One proposed bill would cut the fee in half only on non-motorized vehicles – coming in late is, after all, still late. A second bill would allow clerks some leeway to waive the late fees. The state didn’t expect the late-fee windfall and the loss of some of the fees wouldn’t dent FASTER’s predicted revenues.
But opponents of FASTER are expected to attempt an outright repeal, and a citizen initiative is on its way to the ballot that would not only repeal it, but cut registration fees down to a maximum of $10 – further slashing transportation funding, as those fees go into the Highway Users Tax Fund.
User fees had been the traditional method for building transportation facilities nationwide as well as in Colorado, until 1992 when the TABOR bill passed and required statewide votes to raise taxes. Since then, there has been no increase in the state gas tax, which stands at 22 cents (20.5 cents for diesel). Colorado gas tax is below the national average of 28.9 cents among all the states.
Inside Lane reported last month that for fiscal year 2009, which ended June 30, Colorado collected just slightly more in gas taxes than it did in 2001, putting state transportation infrastructure funding back where it was at the beginning of the decade while costs have risen substantially. In fact, in 2009 Colorado gas tax collections declined 6.5 percent from 2008.
Amid reluctance to ask voters to approve higher taxes at the pump, legislators have made several forays into subsidizing transportation from the general fund. That’s the part of the state budget that funds things such as K-12 education, higher ed, health care, human services, prisons, courts and other general government functions.
In 1997, lawmakers passed Senate Bill 1, which diverted up to a set limit of money after all other general fund limits had been reached – the six-percent growth cap and a four-percent reserve fund. In 2002, they passed House Bill 1310, which allowed a further diversion to transportation in years when the SB 1 limit had been reached.
But in poor economic years, those thresholds were not hit. Because the subsidies could only take the very last dollars to flow in, they were the first things to disappear in bad years – 2003 through 2005, and again last year and projected to remain at zero until 2012.
It meant wild fluctuations in CDOT budgets from year to year, and this unstable and unpredictable “feast or famine” cycle brought difficulty to the annual transportation planning process.
The legislature this year got rid of SB 1 and HB 1310 when it passed Senate Bill 228. That replaced an 18-year-old growth cap on the general fund.
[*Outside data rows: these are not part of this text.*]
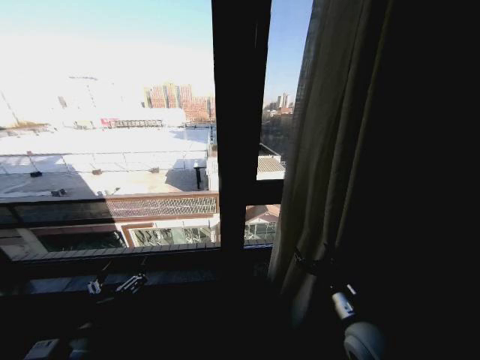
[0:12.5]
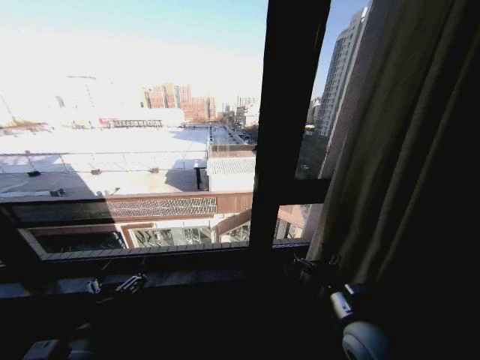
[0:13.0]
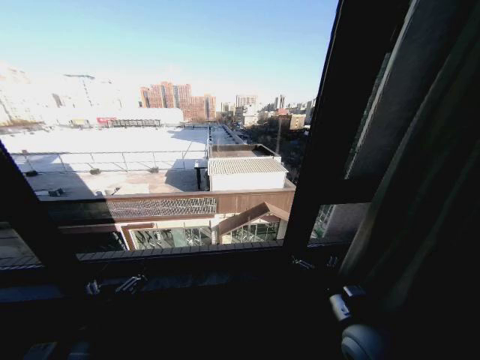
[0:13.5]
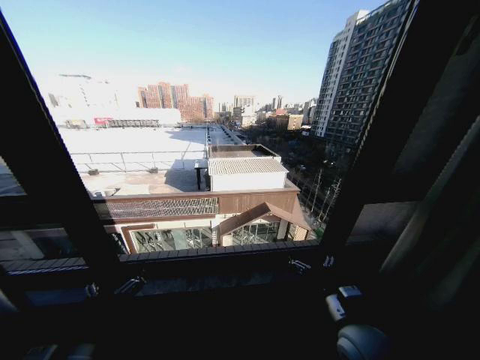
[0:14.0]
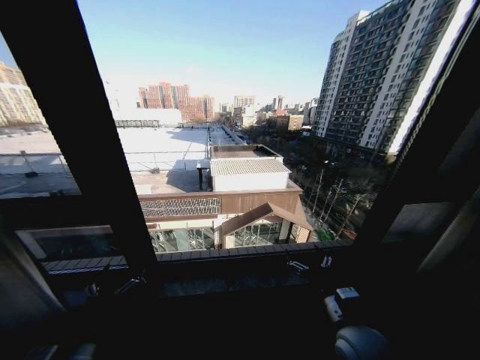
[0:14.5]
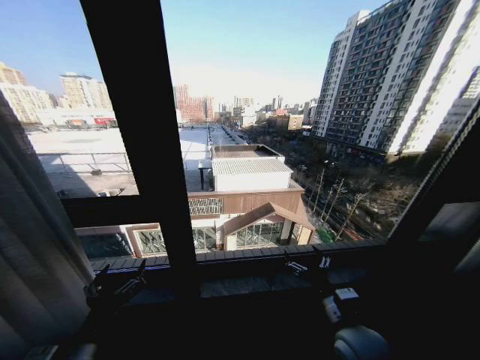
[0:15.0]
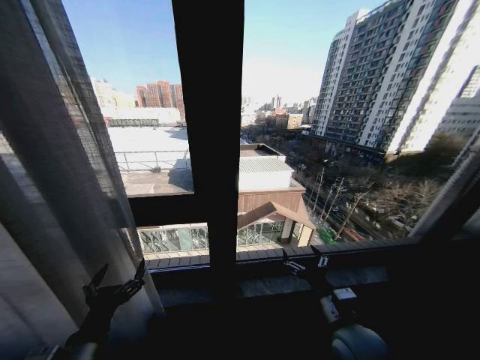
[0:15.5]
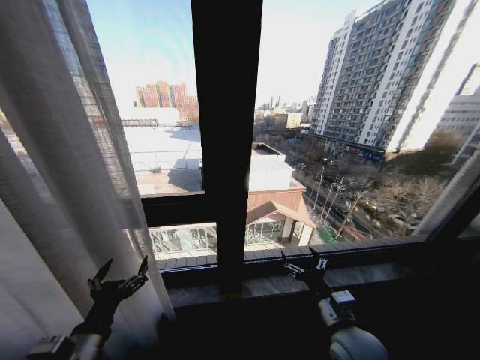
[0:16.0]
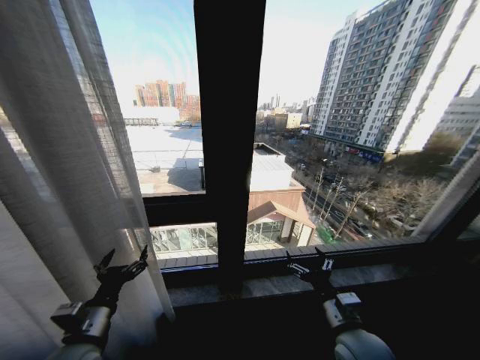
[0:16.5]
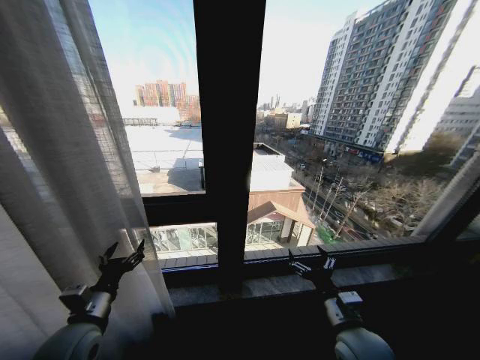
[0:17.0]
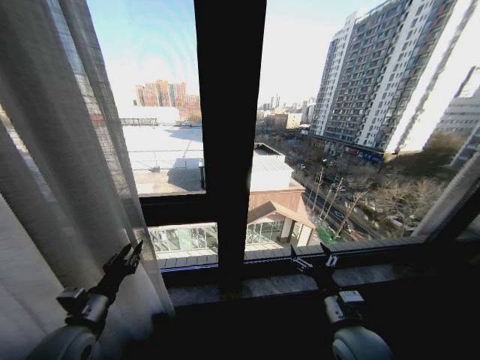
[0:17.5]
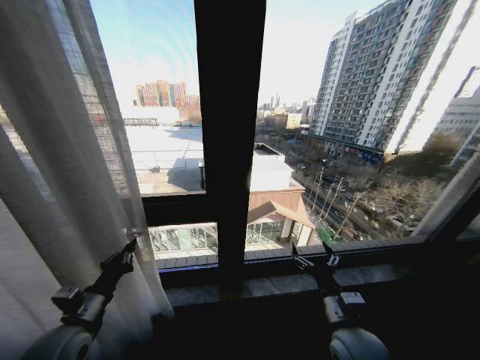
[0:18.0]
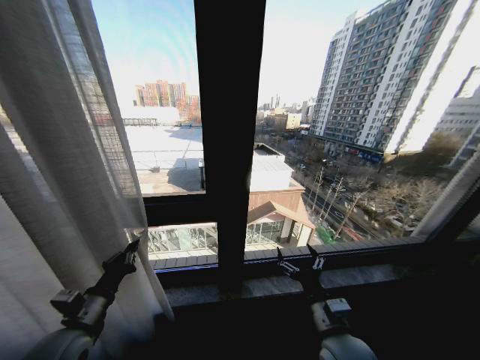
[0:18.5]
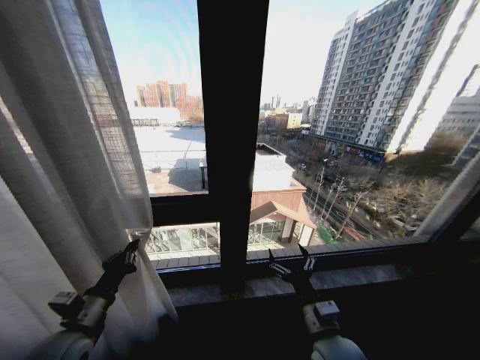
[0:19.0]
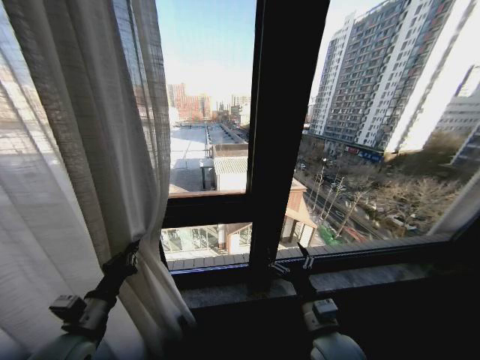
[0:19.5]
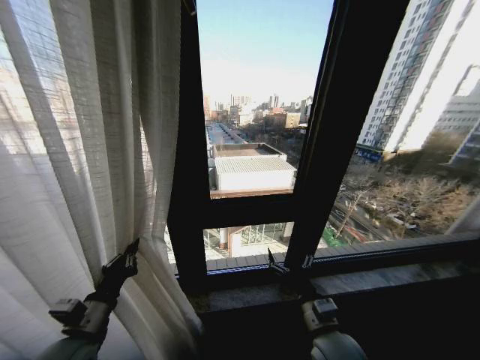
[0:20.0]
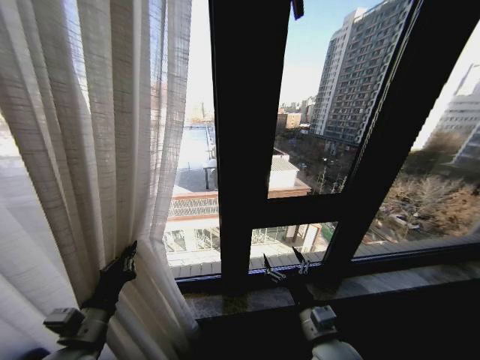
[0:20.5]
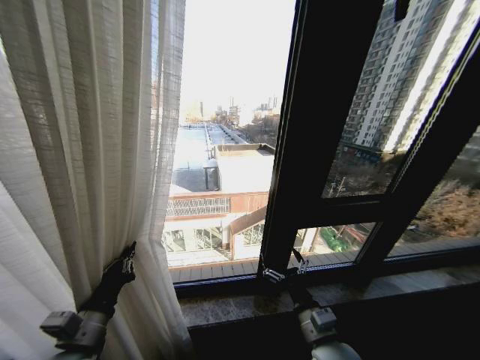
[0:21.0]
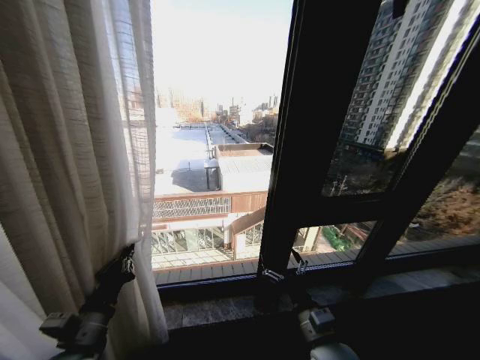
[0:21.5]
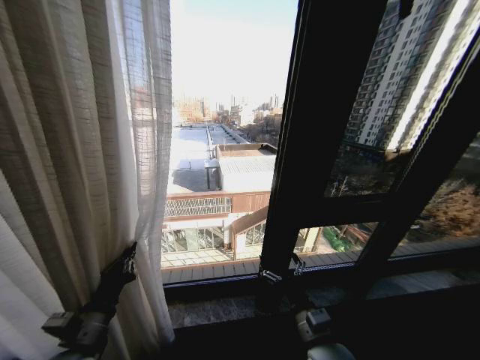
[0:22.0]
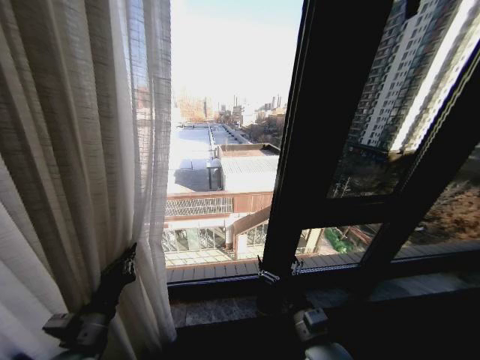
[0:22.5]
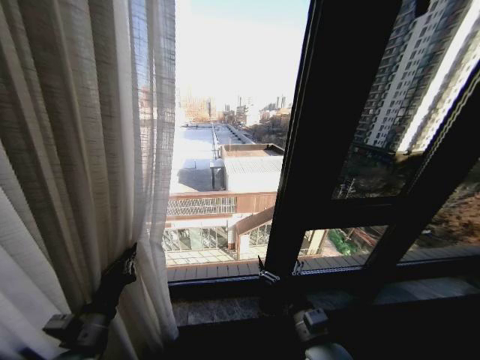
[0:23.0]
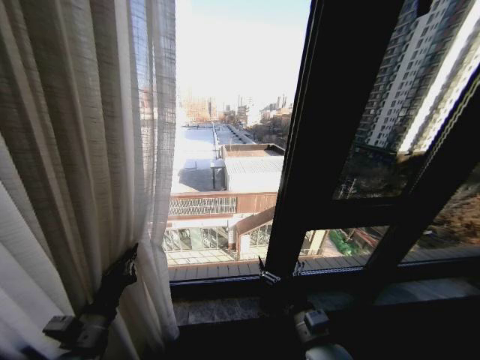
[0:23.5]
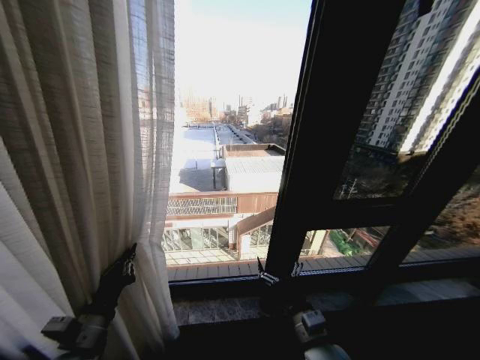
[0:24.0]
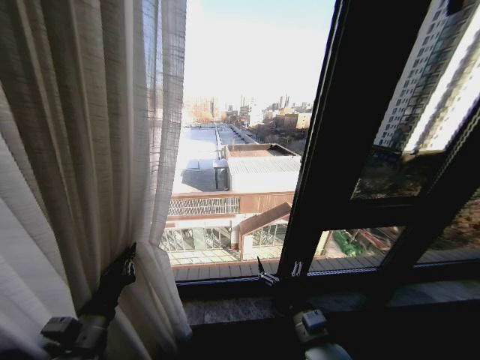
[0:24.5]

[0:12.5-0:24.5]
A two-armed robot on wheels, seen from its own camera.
Task of the whole recording: Open the curtains by pulling them apart, changing their state from closed to fully open.
0:14.5 to 0:16.5: The left gripper shifts about 5 cm forward.
0:16.5 to 0:18.5: The left gripper closes up.

CCA was successful in gaining an amendment stipulating that starting in 2013, two percent of general fund revenue will be diverted to transportation for a five-year period – but only if personal income growth in Colorado the year before is at least five percent. If it isn’t, the five years of diversions wait until a year when income growth does hit five percent. After it’s triggered, the subsidy continues for five years, at two percent, no matter what happens to the general fund budget in years two through five.
CCA said the five-percent personal income growth target has been reached in Colorado four out of every five years, historically. It then estimated that SB 228 would result in slightly more money for transportation over five years than SB 1 and HB 1310 combined were projected to yield. Because of the recession, state budget analysts projected there would be no SB 1 or HB 1310 transfers at all for the next three years anyway.